Parliament gave the minister of justice discretion to halt extraditions and the attorney general discretion to defer prosecutions on the understanding that these powers were not to be used arbitrarily or on the basis of “personal” whim (although in extradition cases, the minister must personally order surrender (s. 40(1)). Rather, the minister’s discretion is governed by the will of the Cabinet or Privy Council – including the prime minister. Pressure up, pressure down.
Thus, the deputy attorney general did her job when she informed one of her two bosses – Attorney General Jody Wilson-Raybould – of her concern that failing to defer prosecution of SNC Lavalin might lead to an economic setback and political backlash.
The deputy also fulfilled her duty to inform her other “boss” – the clerk of the Privy Council – of her concerns, in accordance with the chain of command in the civil service.
Things went haywire for Trudeau
This is where things went haywire for Justin Trudeau. Rather than seeking direction from the Privy Council or the Cabinet or the PMO, Wilson-Raybould took it upon herself personally to exercise her discretion not to defer the SNC Lavalin case. She did not see the larger political picture, as her deputy had – especially where a possible loss of seats in Quebec was concerned.
Their well-publicized confrontation in the fall of 2018 led Trudeau to retreat into his office to lick his wounds.
Hard on its heels came the Meng case, once again a complex situation demanding exercise of discretion, this time by Wilson-Raybould acting in her capacity as minister of justice.
Had the deputy minister of justice been doing his job, he and his lackeys in the International Assistance Group would not have rubberstamped the U.S. request for the provisional warrant of Meng in Vancouver en route to a Mexican trade fair.

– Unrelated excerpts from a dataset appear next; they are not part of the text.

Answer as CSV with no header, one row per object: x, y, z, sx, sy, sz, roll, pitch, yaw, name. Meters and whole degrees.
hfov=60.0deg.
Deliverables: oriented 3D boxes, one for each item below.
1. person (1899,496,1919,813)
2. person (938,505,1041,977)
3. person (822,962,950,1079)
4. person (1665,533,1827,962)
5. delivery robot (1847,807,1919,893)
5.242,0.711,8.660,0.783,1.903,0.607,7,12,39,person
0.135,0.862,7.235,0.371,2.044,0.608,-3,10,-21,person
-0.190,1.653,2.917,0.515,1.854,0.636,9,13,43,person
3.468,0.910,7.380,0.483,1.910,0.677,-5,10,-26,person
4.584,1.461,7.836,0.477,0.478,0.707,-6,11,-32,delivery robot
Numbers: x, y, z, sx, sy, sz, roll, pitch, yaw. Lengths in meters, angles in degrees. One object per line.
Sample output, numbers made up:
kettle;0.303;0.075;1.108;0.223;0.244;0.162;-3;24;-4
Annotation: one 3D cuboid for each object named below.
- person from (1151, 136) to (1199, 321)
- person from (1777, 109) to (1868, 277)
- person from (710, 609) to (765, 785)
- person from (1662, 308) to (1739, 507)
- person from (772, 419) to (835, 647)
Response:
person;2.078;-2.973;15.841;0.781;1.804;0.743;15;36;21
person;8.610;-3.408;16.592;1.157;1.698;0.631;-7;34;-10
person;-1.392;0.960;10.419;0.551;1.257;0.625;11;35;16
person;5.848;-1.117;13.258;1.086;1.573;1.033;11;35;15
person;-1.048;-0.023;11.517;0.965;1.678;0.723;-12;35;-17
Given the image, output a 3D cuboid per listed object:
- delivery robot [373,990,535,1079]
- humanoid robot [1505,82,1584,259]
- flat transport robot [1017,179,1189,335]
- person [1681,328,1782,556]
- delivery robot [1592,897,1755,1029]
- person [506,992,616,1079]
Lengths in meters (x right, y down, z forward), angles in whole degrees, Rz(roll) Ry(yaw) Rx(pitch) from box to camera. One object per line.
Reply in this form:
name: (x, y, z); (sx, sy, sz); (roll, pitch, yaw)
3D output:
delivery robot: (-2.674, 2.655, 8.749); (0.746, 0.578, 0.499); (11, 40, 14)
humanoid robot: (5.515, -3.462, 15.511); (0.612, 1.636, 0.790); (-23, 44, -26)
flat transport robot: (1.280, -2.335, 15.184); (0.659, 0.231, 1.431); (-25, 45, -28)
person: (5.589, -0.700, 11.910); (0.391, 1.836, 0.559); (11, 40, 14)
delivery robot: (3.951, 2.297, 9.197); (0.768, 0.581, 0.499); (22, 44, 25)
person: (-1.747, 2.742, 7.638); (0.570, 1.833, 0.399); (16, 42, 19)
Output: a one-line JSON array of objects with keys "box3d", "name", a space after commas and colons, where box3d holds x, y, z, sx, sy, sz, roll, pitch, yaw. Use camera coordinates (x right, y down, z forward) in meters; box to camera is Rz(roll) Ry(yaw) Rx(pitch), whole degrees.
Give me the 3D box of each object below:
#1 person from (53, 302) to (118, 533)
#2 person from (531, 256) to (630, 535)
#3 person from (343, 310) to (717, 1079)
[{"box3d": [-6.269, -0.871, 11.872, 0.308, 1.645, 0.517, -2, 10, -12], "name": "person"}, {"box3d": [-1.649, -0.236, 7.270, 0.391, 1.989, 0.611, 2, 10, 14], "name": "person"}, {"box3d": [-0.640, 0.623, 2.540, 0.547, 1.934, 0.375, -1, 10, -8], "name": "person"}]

The U.S. request was not only arbitrary, it was obviously politically motivated by U.S. technology giants vying for U.S. hegemony in the 5G sector.
Suffice to say that the then-minister of justice, stung by the anaphylactic response of the PM and clerk of the Privy Council to her refusal to defer the SNC Lavalin case, sat on her hands when it came to exercising discretion in the Meng case. For the harried prime minister, it must have come as another “Oh no!” moment.
Then, while in Argentina, he saw an opening: Why not invoke the Rule of Law? Yes! Canada is a country of the Rule of Law! Let the courts decide.
Wrong idea about what the ‘rule of law’ means
Once Wilson-Raybould got the axe, Lametti jumped into the hot seat. “Yes! Rule of Law! Let the courts decide!” he parroted, without giving much thought to the world of economic hurt that would be generated by poking the tiger – and by failing to act in accordance with his statutory discretion.
Now, in the Diab case, he once again improperly invokes the Rule of Law, failing to recognize that in extradition matters, the courts act only in an advisory capacity. As soon as the minister has the courage to exercise his discretion to say “enough is enough” in an extradition case, the extradition is over, because under s. 23 of the Act, the judge is then compelled to discharge the person facing extradition.
Lametti has the power, indeed the obligation, to reject any renewed extradition request from France, where Hassan Diab is concerned.
France has proven to be an untrustworthy extradition partner, claiming to have evidence where there was none, claiming to be ready for trial when they weren’t. They lied. And as a consequence of their dishonesty, Dr. Diab spent three years in a French prison before being set free by a court of appeal.
The Minister of Justice seems to think that he can retrace in the Diab case the arbitrary template he used to proceed with the Meng hearing – in the hallowed name of the Rule of Law.
That’s just disgusting.
- Dr. Gary Botting is author of several books on extradition, including Halsbury’s Laws of Canada: Extradition; Canadian Extradition Law Practice; Extradition between Canada and the United States; and Extradition: Individual Rights vs. International Obligations.